Now one thing to note is that HA will also verify if the host is compatible with the VM or not. What this means is that HA will verify if the VMs network is available on the target host and if the datastore is available on the target hosts. If both are the case a restart will be initiated on that host. To summarize:

Order available host based on unreserved capacity
Check compatibility (VM Network / Datastore)
Boot up!

VM Monitoring (aka VM HA) heartbeat

Duncan Epping · Jun 4, 2010 ·

I got a question around VM Monitoring (aka virtual machine level HA) this week. A customer wanted to test if VM Monitoring worked and as such disabled the NIC of the virtual machine and waited for 30 seconds for the VM Monitoring response to kick in…. nothing happened.

VM Monitoring restarts individual virtual machines when needed. VM monitoring uses a similar concept as HA, heartbeats. If heartbeats, and in this case VMware Tools heartbeats are not received for a specific amount of time the virtual machine will be rebooted. An example of when this will happen for instance is when a Windows virtual machine shows a BSOD.

The big question of course was why didn’t this trigger a response?

The answer is simple: The VMware Tools heartbeat does not use the virtual machine NIC. This heartbeat is “caught” by hostd and passed on to vCenter. vCenter uses this to show those “green/yellow/red” alarm dots.

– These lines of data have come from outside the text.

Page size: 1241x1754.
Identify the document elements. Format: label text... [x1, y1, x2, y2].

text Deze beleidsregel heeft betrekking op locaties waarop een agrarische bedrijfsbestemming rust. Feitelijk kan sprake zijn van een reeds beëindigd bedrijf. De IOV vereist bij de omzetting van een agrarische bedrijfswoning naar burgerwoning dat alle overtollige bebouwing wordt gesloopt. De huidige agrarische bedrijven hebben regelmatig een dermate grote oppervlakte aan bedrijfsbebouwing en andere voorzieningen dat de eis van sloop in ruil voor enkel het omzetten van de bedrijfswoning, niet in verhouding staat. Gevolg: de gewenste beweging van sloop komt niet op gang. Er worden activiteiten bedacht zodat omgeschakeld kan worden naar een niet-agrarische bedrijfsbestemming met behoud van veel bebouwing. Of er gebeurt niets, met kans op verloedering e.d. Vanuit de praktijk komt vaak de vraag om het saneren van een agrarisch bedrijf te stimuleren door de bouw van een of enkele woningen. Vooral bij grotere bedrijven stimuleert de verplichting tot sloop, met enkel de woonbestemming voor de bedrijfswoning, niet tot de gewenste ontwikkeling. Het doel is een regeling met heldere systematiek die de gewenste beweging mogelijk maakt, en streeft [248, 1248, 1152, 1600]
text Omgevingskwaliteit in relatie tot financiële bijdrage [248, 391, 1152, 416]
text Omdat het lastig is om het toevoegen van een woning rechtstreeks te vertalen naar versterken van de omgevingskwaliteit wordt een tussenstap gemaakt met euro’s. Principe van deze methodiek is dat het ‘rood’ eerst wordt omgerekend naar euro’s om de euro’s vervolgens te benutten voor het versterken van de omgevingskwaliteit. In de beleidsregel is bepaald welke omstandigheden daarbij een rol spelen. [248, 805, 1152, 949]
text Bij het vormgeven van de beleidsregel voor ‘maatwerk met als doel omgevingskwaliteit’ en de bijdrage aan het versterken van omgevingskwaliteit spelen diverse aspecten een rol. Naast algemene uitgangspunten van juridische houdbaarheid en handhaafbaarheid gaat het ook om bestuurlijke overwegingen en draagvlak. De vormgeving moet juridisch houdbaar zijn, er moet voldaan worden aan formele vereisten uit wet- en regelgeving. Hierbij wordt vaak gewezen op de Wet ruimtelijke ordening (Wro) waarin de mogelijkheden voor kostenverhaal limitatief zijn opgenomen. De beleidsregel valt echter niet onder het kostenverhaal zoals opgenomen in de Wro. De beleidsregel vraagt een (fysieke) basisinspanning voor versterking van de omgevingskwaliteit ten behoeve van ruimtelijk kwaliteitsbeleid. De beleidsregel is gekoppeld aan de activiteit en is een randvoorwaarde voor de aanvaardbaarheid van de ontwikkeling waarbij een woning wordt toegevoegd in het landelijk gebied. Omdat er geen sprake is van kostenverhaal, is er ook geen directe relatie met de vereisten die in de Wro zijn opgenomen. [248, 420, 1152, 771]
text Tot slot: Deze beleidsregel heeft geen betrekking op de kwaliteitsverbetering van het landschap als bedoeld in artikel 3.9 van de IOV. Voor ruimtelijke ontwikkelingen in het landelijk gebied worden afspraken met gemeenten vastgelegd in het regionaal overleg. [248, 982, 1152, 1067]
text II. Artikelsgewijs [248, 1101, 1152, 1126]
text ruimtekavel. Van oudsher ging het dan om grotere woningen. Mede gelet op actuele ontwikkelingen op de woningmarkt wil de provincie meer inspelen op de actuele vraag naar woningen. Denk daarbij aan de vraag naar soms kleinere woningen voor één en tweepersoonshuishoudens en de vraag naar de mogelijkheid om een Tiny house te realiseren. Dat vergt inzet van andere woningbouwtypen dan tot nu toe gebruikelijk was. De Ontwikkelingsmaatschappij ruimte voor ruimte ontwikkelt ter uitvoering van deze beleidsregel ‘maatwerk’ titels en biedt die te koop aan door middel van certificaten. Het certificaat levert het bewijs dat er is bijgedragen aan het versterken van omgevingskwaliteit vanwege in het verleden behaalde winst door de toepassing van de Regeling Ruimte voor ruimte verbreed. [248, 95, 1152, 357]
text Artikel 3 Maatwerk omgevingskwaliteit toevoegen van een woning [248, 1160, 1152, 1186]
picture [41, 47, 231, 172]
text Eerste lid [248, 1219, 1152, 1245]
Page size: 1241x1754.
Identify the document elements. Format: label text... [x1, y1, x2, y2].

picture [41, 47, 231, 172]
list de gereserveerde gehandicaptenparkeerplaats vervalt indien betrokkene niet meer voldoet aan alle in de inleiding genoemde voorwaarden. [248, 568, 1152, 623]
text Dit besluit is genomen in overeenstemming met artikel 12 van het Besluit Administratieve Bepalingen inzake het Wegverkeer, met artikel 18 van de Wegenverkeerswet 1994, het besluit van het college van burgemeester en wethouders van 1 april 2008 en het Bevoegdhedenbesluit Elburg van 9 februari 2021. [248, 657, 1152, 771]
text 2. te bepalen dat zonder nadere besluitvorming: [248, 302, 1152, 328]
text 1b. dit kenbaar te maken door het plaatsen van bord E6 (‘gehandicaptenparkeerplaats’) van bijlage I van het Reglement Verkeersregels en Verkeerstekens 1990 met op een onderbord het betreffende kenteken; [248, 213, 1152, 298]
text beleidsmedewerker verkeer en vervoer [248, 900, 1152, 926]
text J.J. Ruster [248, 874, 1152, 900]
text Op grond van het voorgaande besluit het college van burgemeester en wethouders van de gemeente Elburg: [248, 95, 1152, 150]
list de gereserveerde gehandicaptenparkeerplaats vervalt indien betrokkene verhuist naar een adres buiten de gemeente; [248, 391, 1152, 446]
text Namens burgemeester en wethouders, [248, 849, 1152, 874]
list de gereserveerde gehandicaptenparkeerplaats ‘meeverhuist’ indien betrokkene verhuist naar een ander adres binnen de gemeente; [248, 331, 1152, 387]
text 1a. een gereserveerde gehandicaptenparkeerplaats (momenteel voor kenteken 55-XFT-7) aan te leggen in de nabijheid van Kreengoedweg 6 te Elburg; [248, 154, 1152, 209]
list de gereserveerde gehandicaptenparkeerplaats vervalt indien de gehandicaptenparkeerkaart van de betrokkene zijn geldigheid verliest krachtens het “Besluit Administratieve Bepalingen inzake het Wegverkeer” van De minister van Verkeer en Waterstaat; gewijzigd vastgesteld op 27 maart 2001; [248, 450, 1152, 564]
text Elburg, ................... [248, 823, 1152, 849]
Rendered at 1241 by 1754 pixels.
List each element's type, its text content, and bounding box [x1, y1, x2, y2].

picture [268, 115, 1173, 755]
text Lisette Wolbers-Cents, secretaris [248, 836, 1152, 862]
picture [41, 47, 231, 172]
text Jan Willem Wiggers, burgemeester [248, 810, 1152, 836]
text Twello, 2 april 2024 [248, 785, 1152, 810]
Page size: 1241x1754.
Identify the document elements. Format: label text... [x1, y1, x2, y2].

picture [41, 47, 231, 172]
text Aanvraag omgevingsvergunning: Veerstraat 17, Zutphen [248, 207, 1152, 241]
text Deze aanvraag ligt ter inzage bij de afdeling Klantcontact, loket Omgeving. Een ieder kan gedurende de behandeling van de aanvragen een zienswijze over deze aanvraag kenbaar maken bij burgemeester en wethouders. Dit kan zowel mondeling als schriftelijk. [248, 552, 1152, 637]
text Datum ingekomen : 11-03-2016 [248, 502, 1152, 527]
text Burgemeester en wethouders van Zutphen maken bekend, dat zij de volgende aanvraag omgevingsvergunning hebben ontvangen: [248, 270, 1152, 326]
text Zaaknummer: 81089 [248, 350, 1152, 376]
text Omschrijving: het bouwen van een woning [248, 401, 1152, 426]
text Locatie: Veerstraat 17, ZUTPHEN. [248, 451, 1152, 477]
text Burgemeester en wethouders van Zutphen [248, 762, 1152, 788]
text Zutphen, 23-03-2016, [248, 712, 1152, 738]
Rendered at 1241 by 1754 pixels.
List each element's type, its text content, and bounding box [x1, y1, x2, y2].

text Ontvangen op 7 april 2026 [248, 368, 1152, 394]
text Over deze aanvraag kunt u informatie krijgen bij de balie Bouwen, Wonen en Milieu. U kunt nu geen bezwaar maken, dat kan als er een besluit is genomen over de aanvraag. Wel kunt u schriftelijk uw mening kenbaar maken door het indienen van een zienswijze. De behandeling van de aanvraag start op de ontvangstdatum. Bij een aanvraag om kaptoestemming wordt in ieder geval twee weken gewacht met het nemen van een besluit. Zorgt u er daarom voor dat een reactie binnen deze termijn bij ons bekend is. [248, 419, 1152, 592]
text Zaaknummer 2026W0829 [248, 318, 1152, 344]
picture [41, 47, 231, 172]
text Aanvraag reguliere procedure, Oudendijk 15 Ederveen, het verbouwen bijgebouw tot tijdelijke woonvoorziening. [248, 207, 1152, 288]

The same heartbeat is used by VM Monitoring to detect the failure of a virtual machine. Even without any NIC attached to your virtual machine these heartbeats will still be received.

One thing to keep in mind though is that when heartbeats are no longer received, by default sent out every second, VM Monitoring will check if there is any Network or Storage I/O to avoid false positives.

Question for you guys! One thing that I always wondered is how many people use VM Monitoring? And if you use it, do you use it on all VMs in every cluster?